- Born: July 22, 1958 (age 68) Miacatlán, Morelos
- Occupation: Criminal
- Criminal status: Incarcerated at the federal prison of Puente Grande, Jalisco
- Spouse: Lourdes Arias García
- Parent(s): Catarino Arizmendi Iniestra María López Juárez
- Criminal charge: Kidnapping, homicide, organized crime
- Penalty: Life sentence

= Daniel Arizmendi López =

Mexican kidnapper and serial killer

Daniel Arizmendi López (born 22 July 1958), best known as El Mochaorejas, is a Mexican convicted kidnapper and serial killer. In 1998, Susan Ferriss of the Cox News Service wrote that Arizmendi was "Mexico's most notorious suspected criminal".

==Biography==
Arizmendi López was originally a police officer in Morelos. He became involved in crime in the 1980s while a police officer. From 1996 until 1998 he was responsible for at least 18 kidnappings in Mexico and some murders.
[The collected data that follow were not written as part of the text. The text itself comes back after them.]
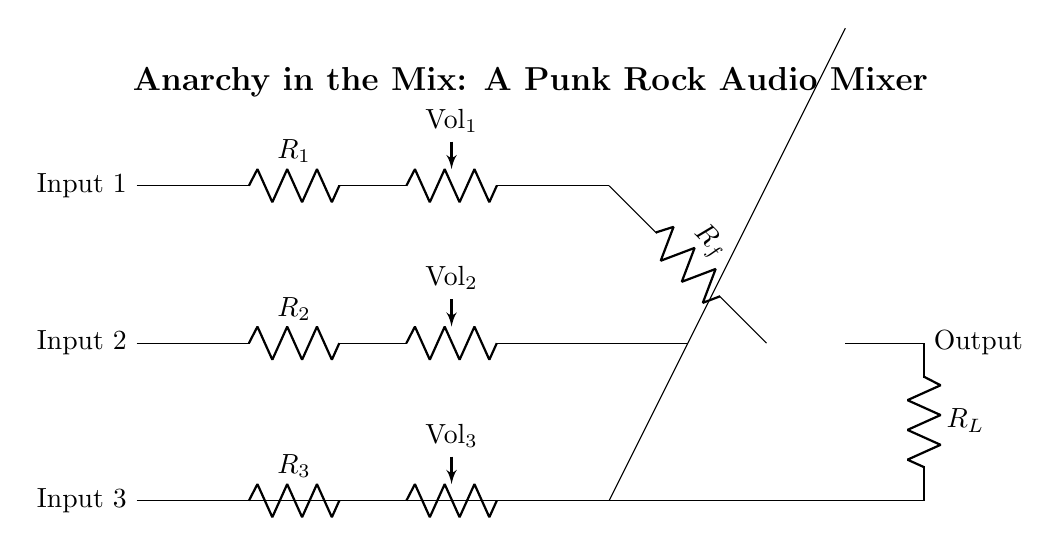What are the input components in this circuit? The circuit diagram clearly shows three input components, which are connected in parallel and labeled as Input 1, Input 2, and Input 3. These inputs each have a corresponding resistor and potentiometer (volume control).
Answer: Resistors and potentiometers How many channels of audio does this mixer handle? The circuit diagram indicates three separate paths for audio signals, represented by Input 1, Input 2, and Input 3, meaning it can handle three channels.
Answer: Three channels What is the role of the operational amplifier in this circuit? The operational amplifier takes the combined input signals from the three channels and amplifies them, providing the final mixed output. It's directly connected to the resistors from the input channels and processes the incoming signals.
Answer: Amplification What is the value of the feedback resistor labeled R_f? The diagram depicts a resistor labeled as R_f, which is used to set the gain of the operational amplifier but does not specify a numerical value; it is a symbolic representation in the diagram. Therefore, its exact resistance is not provided in this context.
Answer: Not specified What happens to the output signal of this mixer? The output signal is taken from the output of the operational amplifier and is directed through a load resistor, R_L, ultimately representing the mixed audio signal that can be sent to an output device such as speakers.
Answer: Sent to output device What does Vol represent in this circuit? The Vol label indicates that these are volume control potentiometers for each input channel, allowing the user to adjust the loudness of the signal coming from each channel individually.
Answer: Volume controls Which component is responsible for controlling the mix of input levels? The potentiometers labeled as Vol_1, Vol_2, and Vol_3 are responsible for controlling the mix of input levels, allowing the user to adjust the volume of each input before it is summed by the operational amplifier.
Answer: Potentiometers

He often severed the ears of his kidnapping victims. In many cases, he sent the severed ears to the families of his victims. Because of this, he was nicknamed "El Mochaorejas" ("The Ear Chopper"). Arizmendi López collected over US$40 million in ransom money from kidnappings.

On August 17, 1998, Mexican authorities announced that they had captured Arizmendi López in Naucalpan, Mexico State. On the day of his arrest, he confessed to four murders. Inside Arizmendi López's house police found an altar to Santa Muerte. Authorities allowed Arizmendi López to bring a figure of Santa Muerte to prison, resulting in widespread media attention. Jorge Madrazo Cuéllar, the Attorney General of Mexico, stated that information originating from plea bargains of gang members in prison and legal wiretaps were used in the capture.
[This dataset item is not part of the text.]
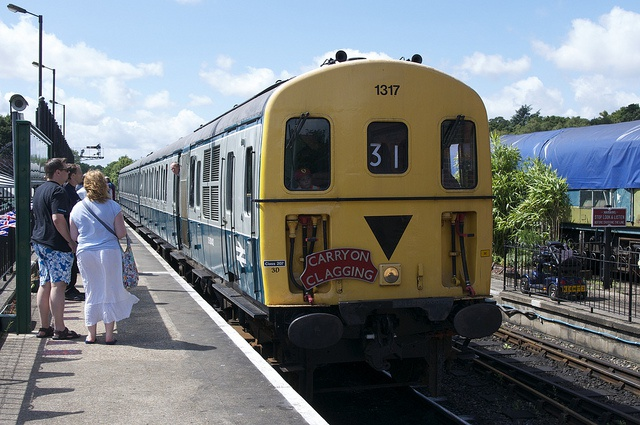Describe the objects in this image and their specific colors. I can see train in lightblue, black, olive, and gray tones, people in lightblue, gray, and darkgray tones, people in lightblue, black, gray, and navy tones, car in lightblue, black, gray, navy, and maroon tones, and handbag in lightblue, gray, navy, and blue tones in this image.

In 2022, a Magistrates Court ordered the removal of 14 statements from members of the Mochaorejas gang and Arizmendi López's brother due to the possibility of their having been obtained through illegal torture. This decision invalidates the 40-year prison sentence, which will be reevaluated, but Arizmendi López will not be released from prison.

==Legacy==
The character Daniel "La Voz" Sánchez in the 2004 film Man on Fire is based on Arizmendi López, and the character Aurelio Sánchez is based on Aurelio Arizmendi López, the brother of Daniel Arizmendi López. Just like the real Arizmendi López, "La Voz" believes in Santa Muerte. Kevin Freese of the Foreign Military Studies Office stated that "it appears that the allusion" of the fictional Sánchez brothers with the real Arizmendi brothers "escaped the comprehension of much of the audience."